Why hadn’t she thought about this before?
He was an attractive early-to-mid-thirties man – of course he would have a significant other.
And here she was pressuring him into being her fake boyfriend.
“No.”
“Okay…” She stretched out the word, pushing for more information. She’d just laid herself bare in front of a colleague and his random guy friend, so the least he could do was return the favour.
No, he’d already gone above and beyond, and still was pretending to be her boyfriend.
“What Rhys means to say is that, no, he’s not seeing anyone at the moment, and his last serious relationship was a few years ago,” Dan said, giving Rhys a meaningful stare. “You’ll have to excuse Rhys, sometimes he lacks social etiquette.”
Rhys’s neck flushed.
“That’s all right, people are hard to read sometimes,” she said.
Rhys cut his eyes to her as if checking that she wasn’t making fun of him. Lila gave him a smile.
“It’s been a while since I’ve had a girlfriend. There’s no one to be annoyed at me.”
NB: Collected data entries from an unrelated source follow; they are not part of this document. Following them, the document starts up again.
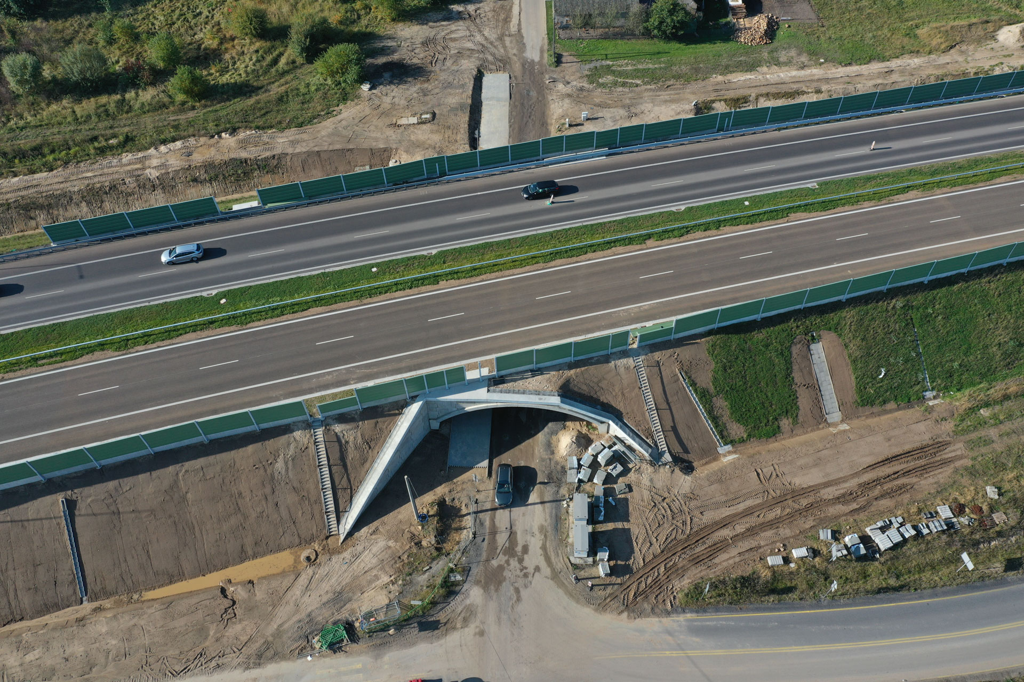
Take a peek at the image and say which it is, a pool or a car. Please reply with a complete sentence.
Looking from above, you can make out a car.
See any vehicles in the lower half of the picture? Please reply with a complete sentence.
Yes, a vehicle can be seen in the lower half of the picture.
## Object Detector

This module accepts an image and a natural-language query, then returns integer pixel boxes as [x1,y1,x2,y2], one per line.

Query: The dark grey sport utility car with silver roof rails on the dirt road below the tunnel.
[492,466,516,511]
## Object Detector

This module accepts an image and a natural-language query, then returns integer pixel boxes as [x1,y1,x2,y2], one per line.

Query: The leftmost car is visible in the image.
[160,241,203,265]
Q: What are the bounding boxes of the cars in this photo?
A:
[492,466,516,511]
[520,177,561,199]
[160,241,203,265]
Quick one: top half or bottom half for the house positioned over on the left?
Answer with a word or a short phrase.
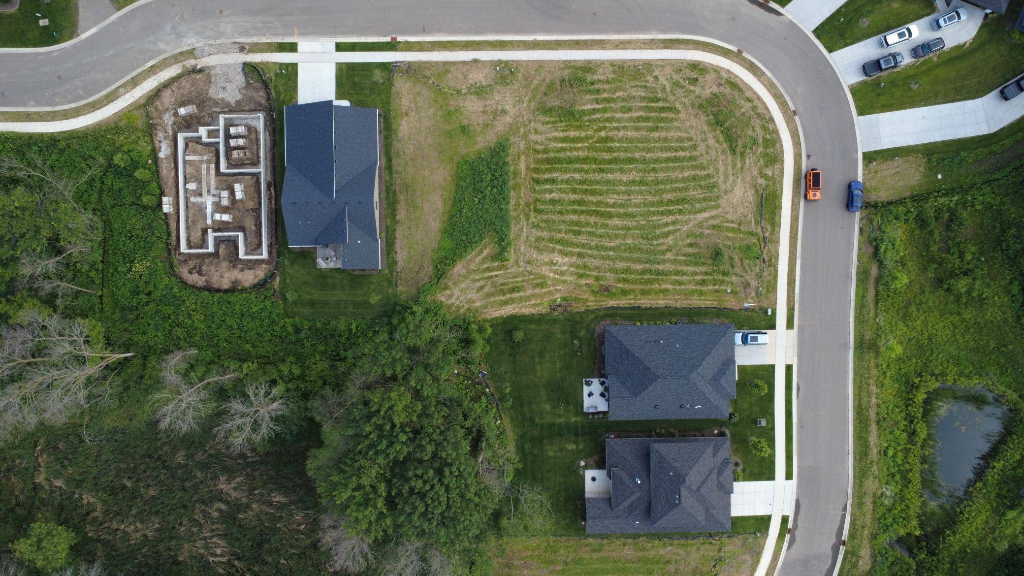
top
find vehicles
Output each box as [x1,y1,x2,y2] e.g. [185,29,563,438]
[879,27,914,49]
[909,37,945,61]
[996,73,1024,101]
[929,9,964,33]
[733,330,767,347]
[803,171,820,201]
[860,55,900,78]
[844,182,863,212]
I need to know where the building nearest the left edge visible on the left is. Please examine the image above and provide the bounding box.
[281,100,382,270]
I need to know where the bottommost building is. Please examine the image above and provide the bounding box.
[585,436,733,534]
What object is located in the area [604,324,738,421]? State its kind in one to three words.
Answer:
house
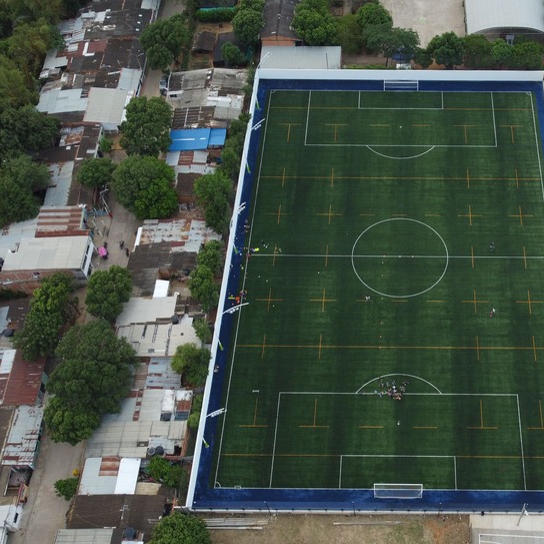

It was Lila’s turn to flush a little, and she swung her eyes away from Rhys before he could see.
“What about you, Dan?” she asked, draining the last of her wine.
Lemonade was definitely a good choice, otherwise she would be good for nothing tomorrow.
Jasmeet took a sip of her fruity cocktail and tried not to look overly interested (but the gratitude came down the best friend telepathy line). Excellent wing-womaning.
“I’m free and single,” he said, turning to Jasmeet.
“Well, that’s good to know,” Jasmeet crooned, cocking an eyebrow at him. Dan smirked.
Well, that was that then.
What had been the possibility of them leaving together was now a strong eighty-five percent. Lila and Rhys exchanged exasperated glances as Dan and Jasmeet continued their conversation, voices too low for anyone else to join in.
“So, Rhys, tell me, what would be your worst date ever?” Lila asked. “If you say pretending to be a work colleague’s boyfriend, I’ll be mortally wounded.”
Rhys laughed. A proper, throw-your-head-back, truthful laugh and Lila laughed with him.
“Karaoke.” He shuddered. “I will never, ever, do karaoke. I cannot imagine anything worse than putting yourself up there for everyone to see you sing terribly. Where’s the fun in that?” Rhys said, taking both his and Lila’s lemonade off the tray held by the young waitress.
“That’s the whole point! You’re not supposed to be good at karaoke, you’re just supposed to enjoy it.” Lila said. “Karaoke is fun, especially when you’re with friends.”
“No, you’re wrong.” Rhys sipped his lemonade, secure in his assessment. “What’s yours?”
“I’m pretty much up for anything,” she said, tilting her head in thought. “I just like to know that someone has thought about spending time with me, but…” She hesitated, thinking.
“Yes?” he prompted, his fingers grazing her arm.
“If I had to choose, I despise those high ropes places, you know? Where you’re all hooked up and you climb around the trees?”
Rhys’s face twisted, like he had just eaten the sharpest of lemons. “Oh God yeah, no. I am not good with heights.”
“Me neither.” She wet her lips and took a long look at him. “You know, you’re not all bad, Rhys Aubrey.”
He narrowed his eyes at her. “Neither are you, Miss Cartwright.”